Buongiorno a tutti, sono una nuova iscritta, volevo farvi una domanda a proposito della nuova versione del F24. Per quando riguarda il codice 1040 relativo alle ritenute d'acconto dei professonisti, il mese di riferimento si riferisce alla data fattura o al mese di pagamento della fattura? Cioè le ritenute di acconto si pagano entro il 16 del mese successivo al pagamento della fattura, allora se a me arriva una fattura datata gennaio che io pago a febbraio, la ritenuta devo pagarla entro il 16 marzo, ma sul mese di riferimento che devo mettere?

----------


## danilo sciuto

Il mese di riferimento si riferisce al mese di pagamento della fattura. 
ciao   

> Buongiorno a tutti, sono una nuova iscritta, volevo farvi una domanda a proposito della nuova versione del F24. Per quando riguarda il codice 1040 relativo alle ritenute d'acconto dei professonisti, il mese di riferimento si riferisce alla data fattura o al mese di pagamento della fattura?
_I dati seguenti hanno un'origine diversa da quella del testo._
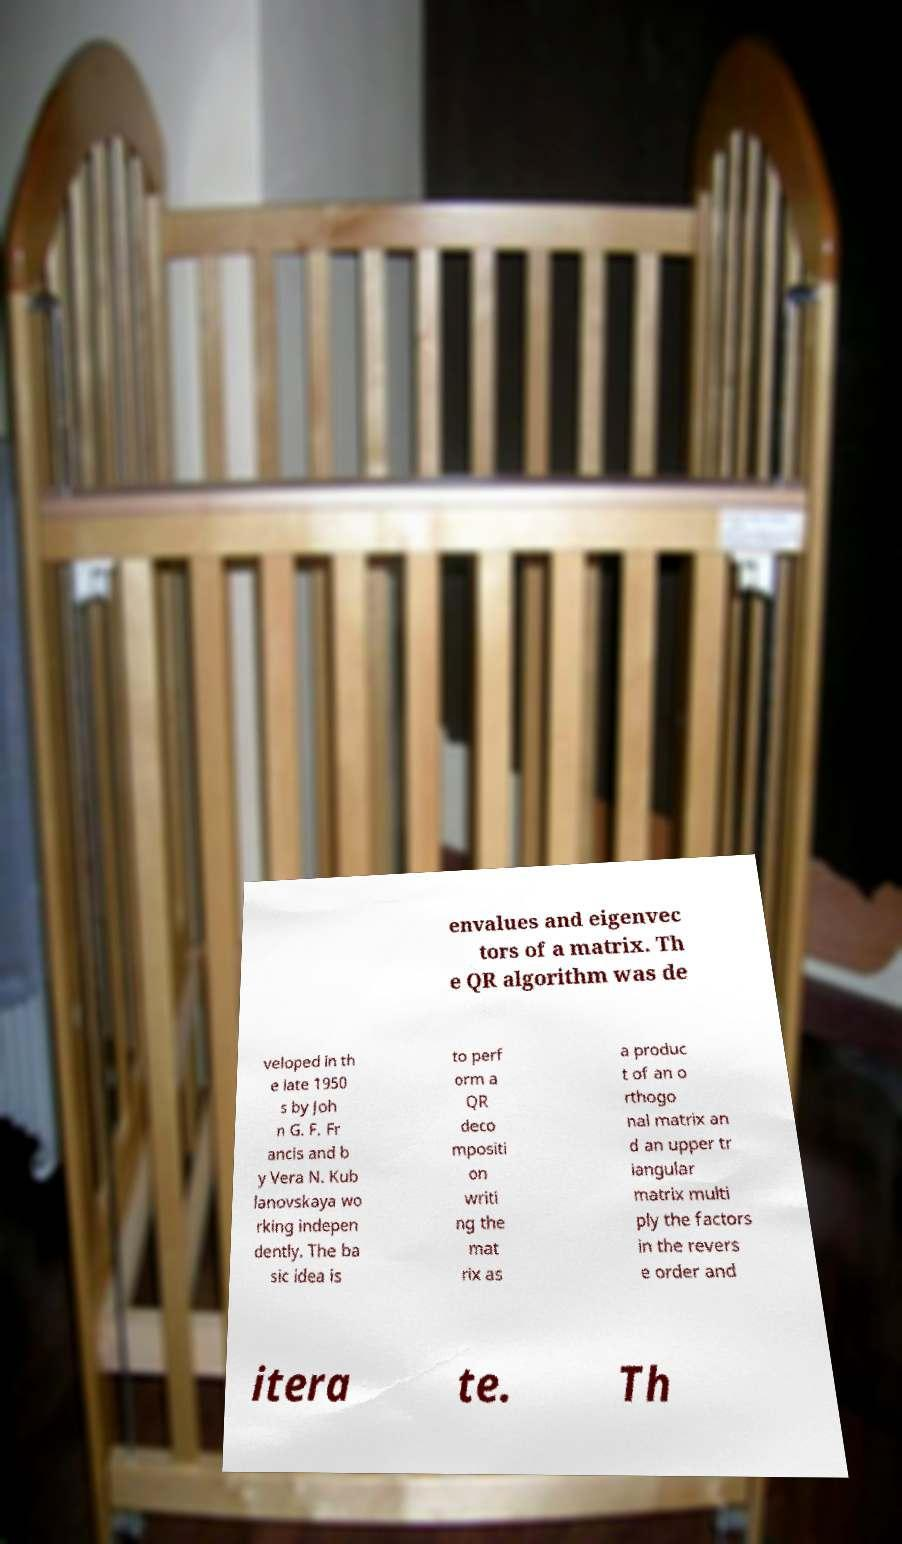For documentation purposes, I need the text within this image transcribed. Could you provide that? envalues and eigenvec tors of a matrix. Th e QR algorithm was de veloped in th e late 1950 s by Joh n G. F. Fr ancis and b y Vera N. Kub lanovskaya wo rking indepen dently. The ba sic idea is to perf orm a QR deco mpositi on writi ng the mat rix as a produc t of an o rthogo nal matrix an d an upper tr iangular matrix multi ply the factors in the revers e order and itera te. Th 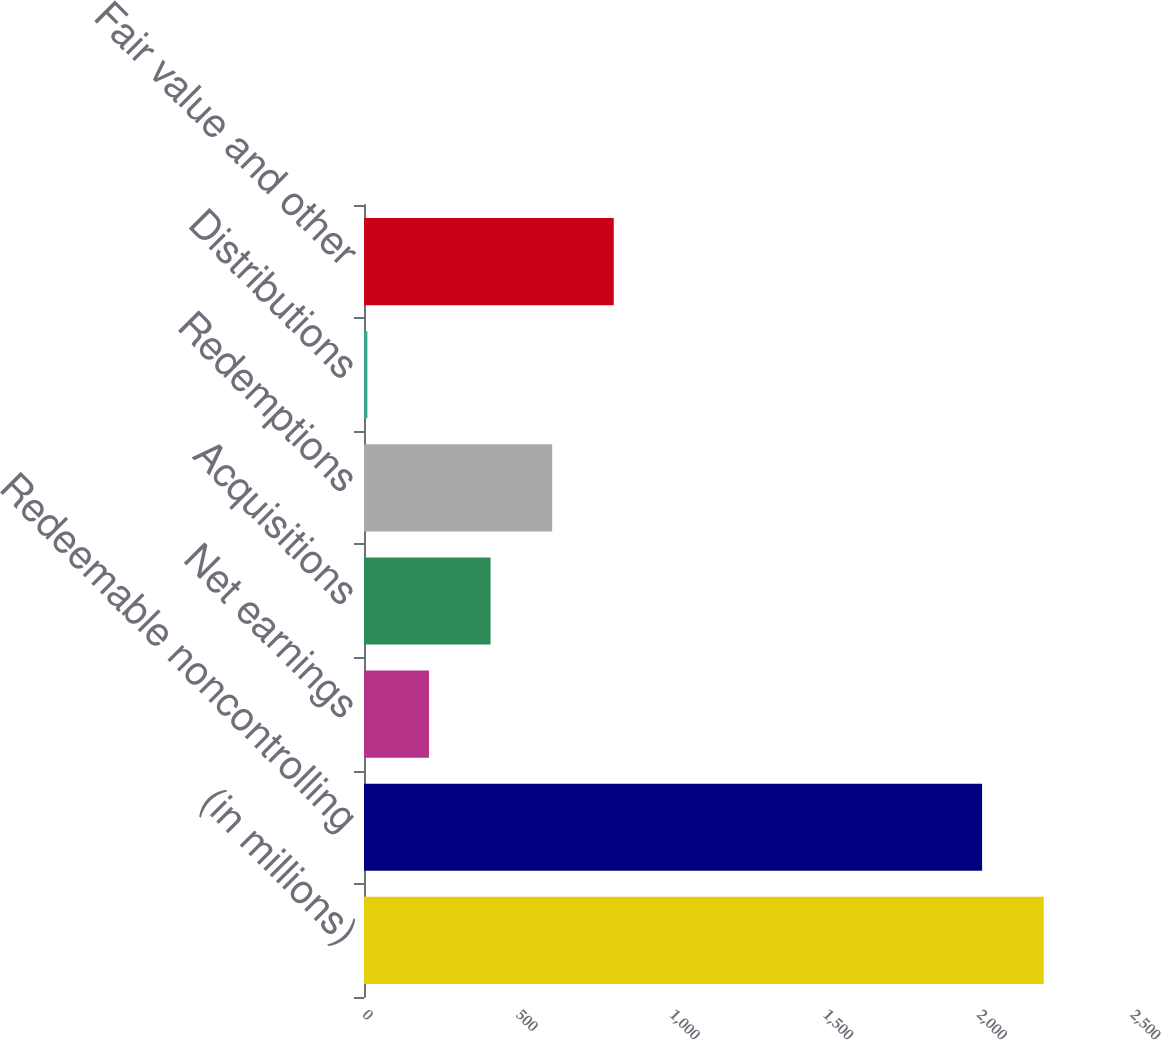Convert chart to OTSL. <chart><loc_0><loc_0><loc_500><loc_500><bar_chart><fcel>(in millions)<fcel>Redeemable noncontrolling<fcel>Net earnings<fcel>Acquisitions<fcel>Redemptions<fcel>Distributions<fcel>Fair value and other<nl><fcel>2212.5<fcel>2012<fcel>211.5<fcel>412<fcel>612.5<fcel>11<fcel>813<nl></chart> 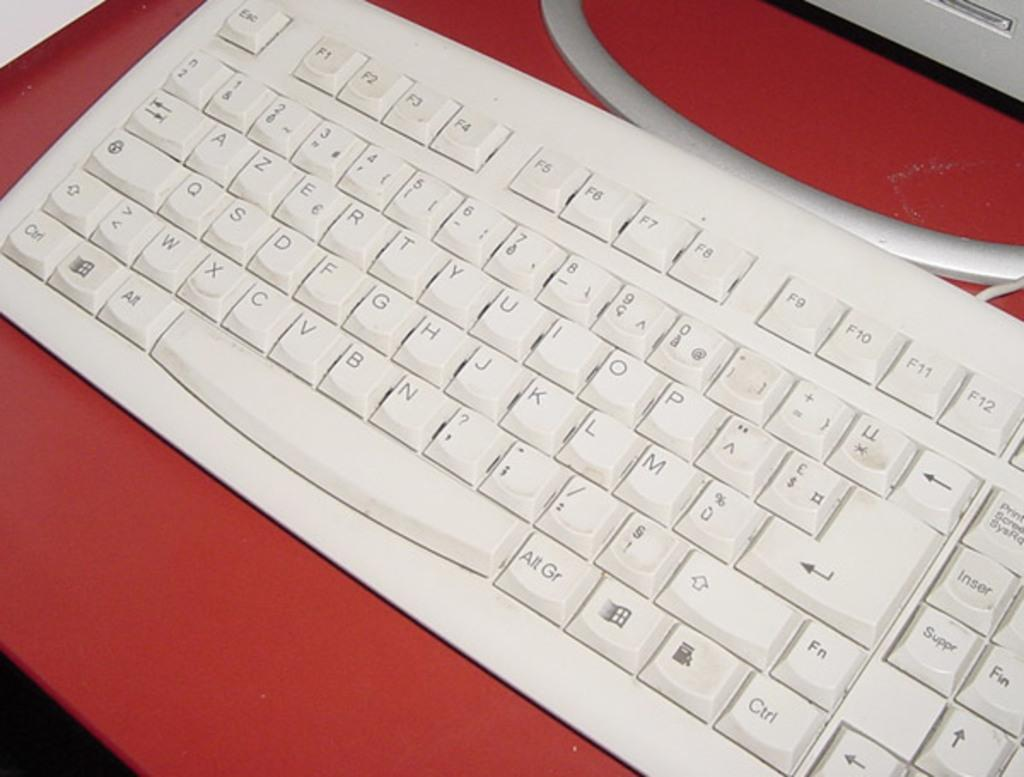<image>
Create a compact narrative representing the image presented. A white keyboard has an Alt key and an Alt Gr key on either side of the space bar.

Cioè le ritenute di acconto si pagano entro il 16 del mese successivo al pagamento della fattura, allora se a me arriva una fattura datata gennaio che io pago a febbraio, la ritenuta devo pagarla entro il 16 marzo, ma sul mese di riferimento che devo mettere?

----------


## IMPIEGATA2006

grazie infinite

----------


## granny

Quale mese di riferimento devo indicare per un ravvedimento operoso di una addizionale comunale (sostituto di imposta)? Va bene se indico il mese in cui la dovevo pagare? E la sanzione come la indico? Preciso che si tratta di acconto addizionale comunale per il 2007. Grazie

----------


## swami

> Quale mese di riferimento devo indicare per un ravvedimento operoso di una addizionale comunale (sostituto di imposta)? Va bene se indico il mese in cui la dovevo pagare? E la sanzione come la indico? Preciso che si tratta di acconto addizionale comunale per il 2007. Grazie

  tutti con stesso riferimento ovvero il mese d pagamento e tutti con stesso anno diversamente l'ADE nn capisce a cosa attribuire il ravvedimento  :Wink:

----------